Implementation in other languages
This tutorial uses curl, but here is the same thing in a few languages:
Python
import requests
import uuid
import json
from datetime import datetime, timezone
# Send event
event = {
"application_id": "{APP_ID}",
"event_type": "user.account.created",
"payload": json.dumps({"user_id": "usr_123"}),
"payload_content_type": "application/json",
"occurred_at": datetime.now(timezone.utc).isoformat(),
"labels": {"tenant_id": "customer_123"}
}
response = requests.post(
"https://app.hook0.com/api/v1/event",
headers={"Authorization": "Bearer {YOUR_TOKEN}"},
json=event
)
Go
import (
"bytes"
"encoding/json"
"net/http"
"time"
"github.com/google/uuid"
)
// Send event
event := map[string]interface{}{
"application_id": "{APP_ID}",
"event_type": "user.account.created",
"payload": `{"user_id": "usr_123"}`,
"payload_content_type": "application/json",
"occurred_at": time.Now().UTC().Format(time.RFC3339),
"labels": map[string]string{
"tenant_id": "customer_123",
},
}
jsonData, _ := json.Marshal(event)
req, _ := http.NewRequest("POST",
"https://app.hook0.com/api/v1/event",
bytes.NewBuffer(jsonData))
req.Header.Set("Authorization", "Bearer {YOUR_TOKEN}")
req.Header.Set("Content-Type", "application/json")
client := &http.Client{}
resp, _ := client.Do(req)
defer resp.Body.Close()
Ruby
require 'net/http'
require 'json'
require 'securerandom'
require 'time'
# Send event
event = {
application_id: "{APP_ID}",
event_id: SecureRandom.uuid,
event_type: "user.account.created",
payload: {user_id: "usr_123"}.to_json,
payload_content_type: "application/json",
occurred_at: Time.now.utc.iso8601,
labels: {tenant_id: "customer_123"}
}
uri = URI('https://app.hook0.com/api/v1/event')

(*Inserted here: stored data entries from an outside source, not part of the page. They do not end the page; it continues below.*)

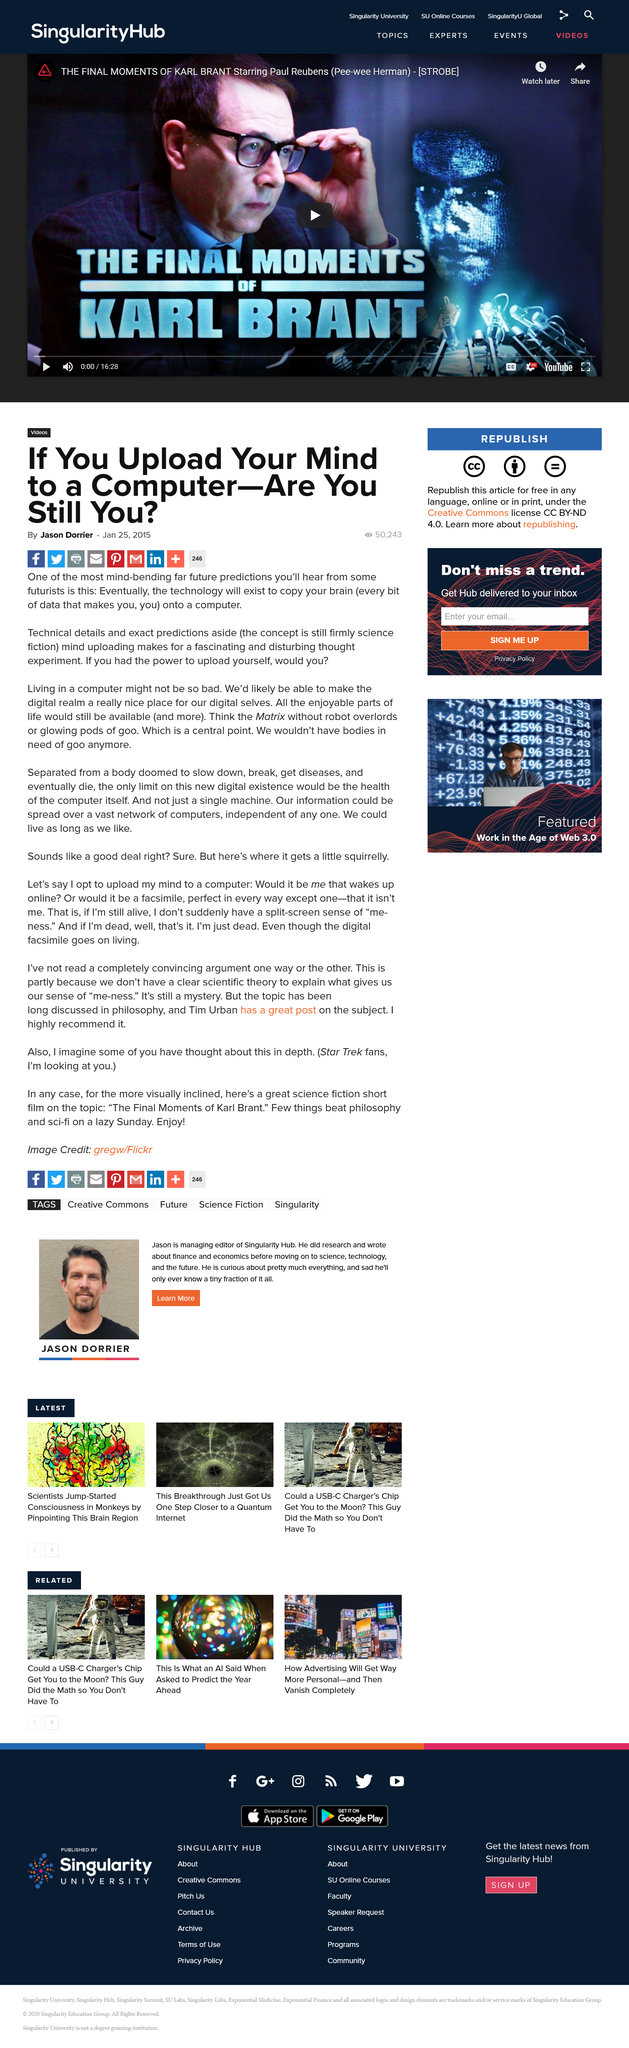Outline some significant characteristics in this image. The article poses the question of whether one would upload themselves if they had the power to do so in the end of the second paragraph of the text. The Matrix, a famous science fiction film, is referenced in this text. It is predicted by futurists that technology will eventually be able to copy a human brain onto a computer. 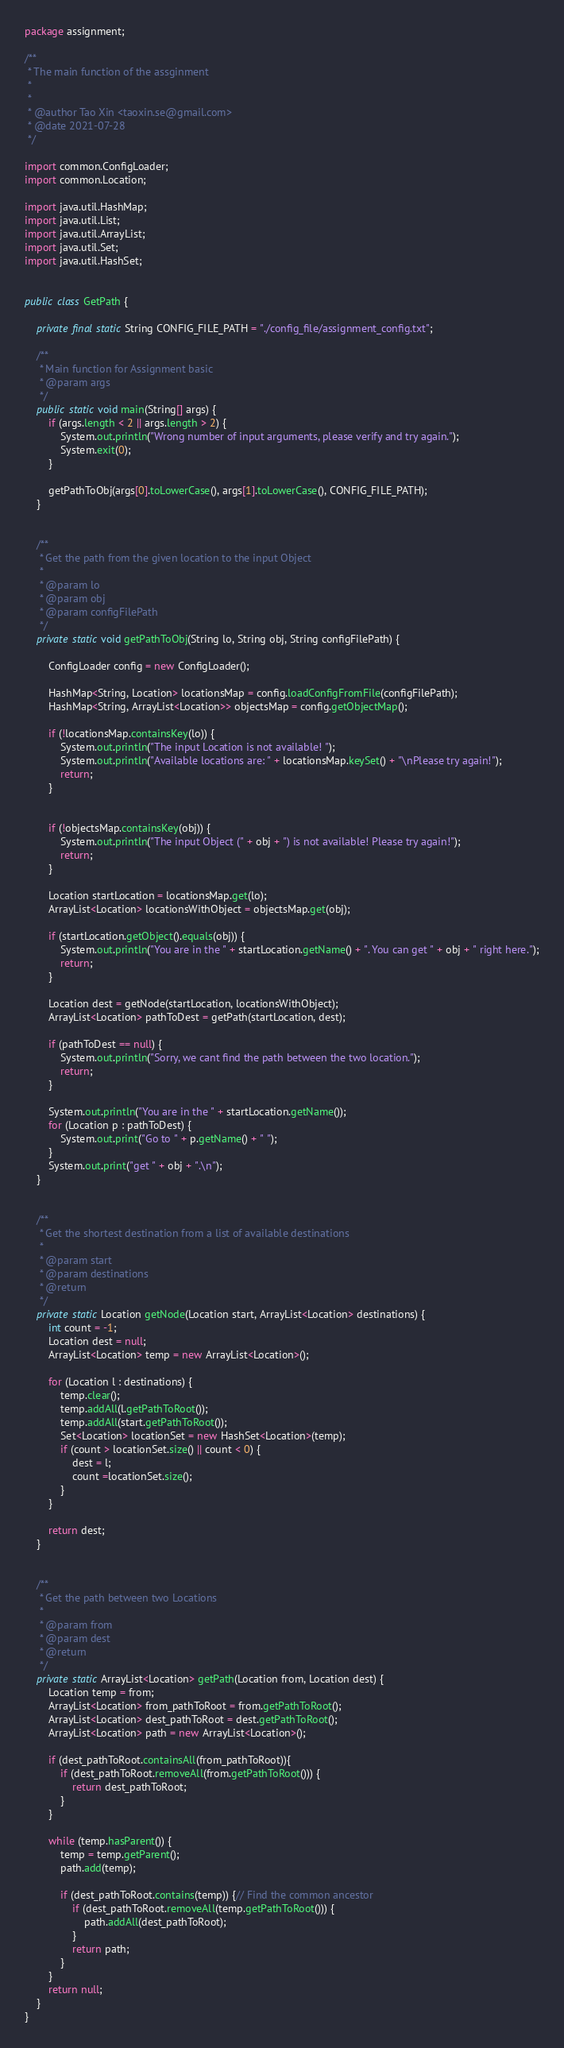<code> <loc_0><loc_0><loc_500><loc_500><_Java_>package assignment;

/**
 * The main function of the assginment
 *
 *
 * @author Tao Xin <taoxin.se@gmail.com>
 * @date 2021-07-28
 */

import common.ConfigLoader;
import common.Location;

import java.util.HashMap;
import java.util.List;
import java.util.ArrayList;
import java.util.Set;
import java.util.HashSet;


public class GetPath {

    private final static String CONFIG_FILE_PATH = "./config_file/assignment_config.txt";

    /**
     * Main function for Assignment basic
     * @param args
     */
    public static void main(String[] args) {
        if (args.length < 2 || args.length > 2) {
            System.out.println("Wrong number of input arguments, please verify and try again.");
            System.exit(0);
        }

        getPathToObj(args[0].toLowerCase(), args[1].toLowerCase(), CONFIG_FILE_PATH);
    }


    /**
     * Get the path from the given location to the input Object
     *
     * @param lo
     * @param obj
     * @param configFilePath
     */
    private static void getPathToObj(String lo, String obj, String configFilePath) {

        ConfigLoader config = new ConfigLoader();

        HashMap<String, Location> locationsMap = config.loadConfigFromFile(configFilePath);
        HashMap<String, ArrayList<Location>> objectsMap = config.getObjectMap();

        if (!locationsMap.containsKey(lo)) {
            System.out.println("The input Location is not available! ");
            System.out.println("Available locations are: " + locationsMap.keySet() + "\nPlease try again!");
            return;
        }


        if (!objectsMap.containsKey(obj)) {
            System.out.println("The input Object (" + obj + ") is not available! Please try again!");
            return;
        }

        Location startLocation = locationsMap.get(lo);
        ArrayList<Location> locationsWithObject = objectsMap.get(obj);

        if (startLocation.getObject().equals(obj)) {
            System.out.println("You are in the " + startLocation.getName() + ". You can get " + obj + " right here.");
            return;
        }

        Location dest = getNode(startLocation, locationsWithObject);
        ArrayList<Location> pathToDest = getPath(startLocation, dest);

        if (pathToDest == null) {
            System.out.println("Sorry, we cant find the path between the two location.");
            return;
        }

        System.out.println("You are in the " + startLocation.getName());
        for (Location p : pathToDest) {
            System.out.print("Go to " + p.getName() + " ");
        }
        System.out.print("get " + obj + ".\n");
    }


    /**
     * Get the shortest destination from a list of available destinations
     *
     * @param start
     * @param destinations
     * @return
     */
    private static Location getNode(Location start, ArrayList<Location> destinations) {
        int count = -1;
        Location dest = null;
        ArrayList<Location> temp = new ArrayList<Location>();

        for (Location l : destinations) {
            temp.clear();
            temp.addAll(l.getPathToRoot());
            temp.addAll(start.getPathToRoot());
            Set<Location> locationSet = new HashSet<Location>(temp);
            if (count > locationSet.size() || count < 0) {
                dest = l;
                count =locationSet.size();
            }
        }

        return dest;
    }


    /**
     * Get the path between two Locations
     *
     * @param from
     * @param dest
     * @return
     */
    private static ArrayList<Location> getPath(Location from, Location dest) {
        Location temp = from;
        ArrayList<Location> from_pathToRoot = from.getPathToRoot();
        ArrayList<Location> dest_pathToRoot = dest.getPathToRoot();
        ArrayList<Location> path = new ArrayList<Location>();

        if (dest_pathToRoot.containsAll(from_pathToRoot)){
            if (dest_pathToRoot.removeAll(from.getPathToRoot())) {
                return dest_pathToRoot;
            }
        }

        while (temp.hasParent()) {
            temp = temp.getParent();
            path.add(temp);

            if (dest_pathToRoot.contains(temp)) {// Find the common ancestor
                if (dest_pathToRoot.removeAll(temp.getPathToRoot())) {
                    path.addAll(dest_pathToRoot);
                }
                return path;
            }
        }
        return null;
    }
}</code>

http = Net::HTTP.new(uri.host, uri.port)
request = Net::HTTP::Post.new(uri)
request['Authorization'] = 'Bearer {YOUR_TOKEN}'
request['Content-Type'] = 'application/json'
request.body = event.to_json
response = http.request(request)
Best practices
1. Event design
- Use semantic naming:
service.resource.verb - Include enough context for consumers to act without extra API calls
- Keep the structure consistent across all events
- Plan for schema evolution from the start
2. Label strategy
tenant_id: always include for multi-tenancyenvironment: separate prod/staging/devregion: geographic filtering when needed
3. Error handling
- Use unique
event_idvalues to prevent duplicates - Implement retry logic with backoff on your side
- Fail fast when Hook0 is unreachable (circuit breaker)

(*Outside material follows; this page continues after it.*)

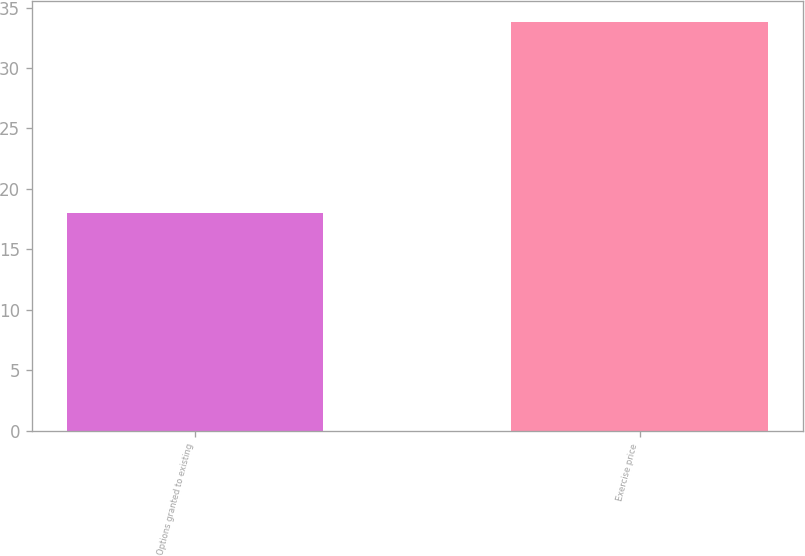Convert chart. <chart><loc_0><loc_0><loc_500><loc_500><bar_chart><fcel>Options granted to existing<fcel>Exercise price<nl><fcel>18<fcel>33.82<nl></chart> 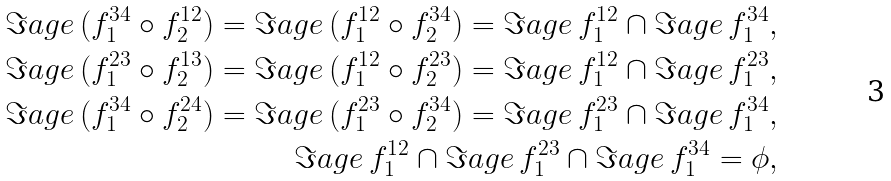<formula> <loc_0><loc_0><loc_500><loc_500>\Im a g e \, ( f _ { 1 } ^ { 3 4 } \circ f _ { 2 } ^ { 1 2 } ) = \Im a g e \, ( f _ { 1 } ^ { 1 2 } \circ f _ { 2 } ^ { 3 4 } ) = \Im a g e \, f _ { 1 } ^ { 1 2 } \cap \Im a g e \, f _ { 1 } ^ { 3 4 } , \\ \Im a g e \, ( f _ { 1 } ^ { 2 3 } \circ f _ { 2 } ^ { 1 3 } ) = \Im a g e \, ( f _ { 1 } ^ { 1 2 } \circ f _ { 2 } ^ { 2 3 } ) = \Im a g e \, f _ { 1 } ^ { 1 2 } \cap \Im a g e \, f _ { 1 } ^ { 2 3 } , \\ \Im a g e \, ( f _ { 1 } ^ { 3 4 } \circ f _ { 2 } ^ { 2 4 } ) = \Im a g e \, ( f _ { 1 } ^ { 2 3 } \circ f _ { 2 } ^ { 3 4 } ) = \Im a g e \, f _ { 1 } ^ { 2 3 } \cap \Im a g e \, f _ { 1 } ^ { 3 4 } , \\ \Im a g e \, f _ { 1 } ^ { 1 2 } \cap \Im a g e \, f _ { 1 } ^ { 2 3 } \cap \Im a g e \, f _ { 1 } ^ { 3 4 } = \phi ,</formula>

- Buffer events locally during outages
4. Security
- Never log tokens
- Customers should verify webhook signatures
- Do not send PII in plaintext
- Rate-limit your event sending
Troubleshooting
Event not delivered
# Check if event was received
curl -X GET "$HOOK0_API/events?application_id=$APP_ID" \
-H "Authorization: Bearer $HOOK0_TOKEN"
# Check subscription filters
curl -X GET "$HOOK0_API/subscriptions?application_id=$APP_ID" \
-H "Authorization: Bearer $HOOK0_TOKEN"
# Verify labels match your events
401 Unauthorized
# Verify token is included
curl -H "Authorization: Bearer $HOOK0_TOKEN" # ✅ Correct
curl -H "Authorization: $HOOK0_TOKEN" # ❌ Wrong - missing Bearer
Event type not found
# List existing event types
curl -X GET "$HOOK0_API/event_types?application_id=$APP_ID" \
-H "Authorization: Bearer $HOOK0_TOKEN"
# Create missing event type before sending events
Summary
You now know how to:
- Create event types using the three-part structure
- Send events with labels for multi-tenancy
- Create subscriptions with label-based filtering
- Monitor deliveries and handle failures
- Process events in bulk
The label system is what makes multi-tenant delivery work without extra complexity. Define types, send events, create subscriptions, check results.